Tell me your resolutions about yourself and I’ll tell you your age.
If you’re full of plans for self-improvement and mastery — primo fitness! fluency in Spanish! writing a book a year! — you’re a lot younger than I am.
If you’re planning a much more modest future — say, hanging on to what you’ve got and not losing it any faster than you have to — you’re probably about my age.
It’s a funny time, this point in life. After all those years when you whipped yourself into a lather over what you could be if you only tried harder, pushed yourself more, didn’t need to sleep much — after all that, you stop and look around and reconsider.
The world has changed — or maybe it’s just you. Something’s leaving, moving on, sifting through your fingertips like fine-grained sand. Has that always been true and you’ve simply been too busy notice?
“How did we get to be 64?” my husband asked me recently. We were sitting on our couch, ready to fire up the TV and watch “Justified” or “Sherlock Holmes,” since we’d already hurtled through “House of Cards” (both American and British versions) and were looking for a little diversion.
But — wait. How did we get to be 64? The question surprised me. On my own, I’d been continually puzzled by another question — how on earth has it gotten to be 2014? But, when you got down to it, they were really the same question: Where did the time go?

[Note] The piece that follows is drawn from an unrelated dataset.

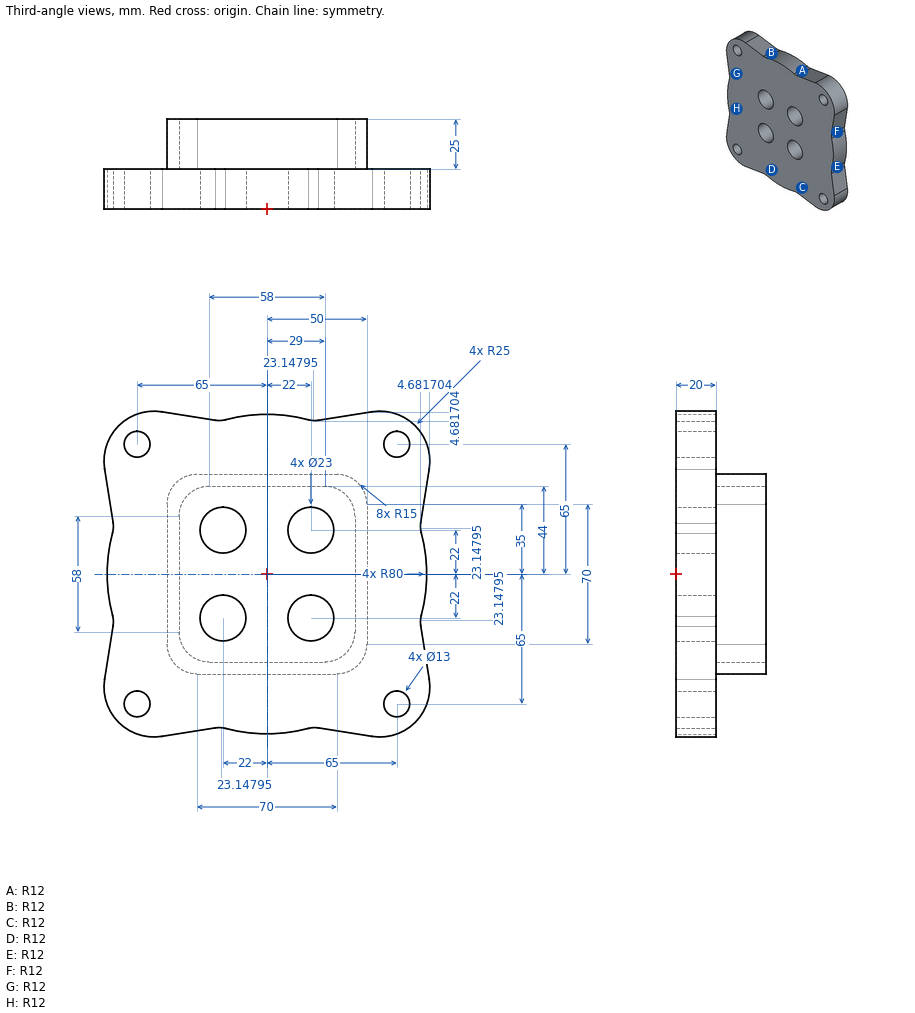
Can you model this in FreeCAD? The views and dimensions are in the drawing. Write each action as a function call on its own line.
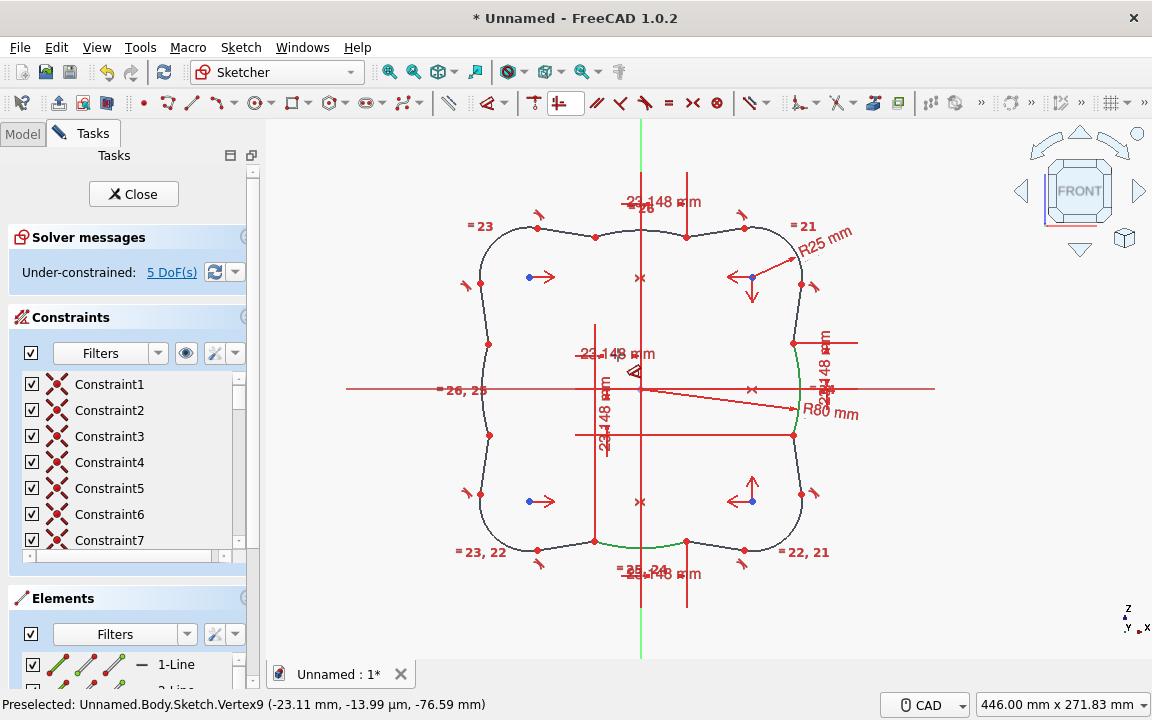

There’s no single, simple, satisfying answer. It’s a long glissando of moments and fragments and memories unspooling behind us. Where did the time go? It went to sleep and meals and talk and camaraderie and solitude, it left us relentlessly, whether we spent it well or mindlessly. It simply disappeared on us. Look over your shoulder and see it receding in the distance.
But don’t look over your shoulder too long or you miss what’s coming. What to do with it — with what’s left to us — when dreams aren’t as grandiose? I don’t have the same goals as I had when I was young and always wanted something more, always wanted to be better and more accomplished.
Now, as I try to steady myself and understand my limitations, I think, why not try to grow my heart bigger and deeper? Why not increase my compassion, my capacity to love?
Again, I didn’t make resolutions like that when I was younger. Oh, hell. It’s just like everything else in life. You never really grow up until you have to.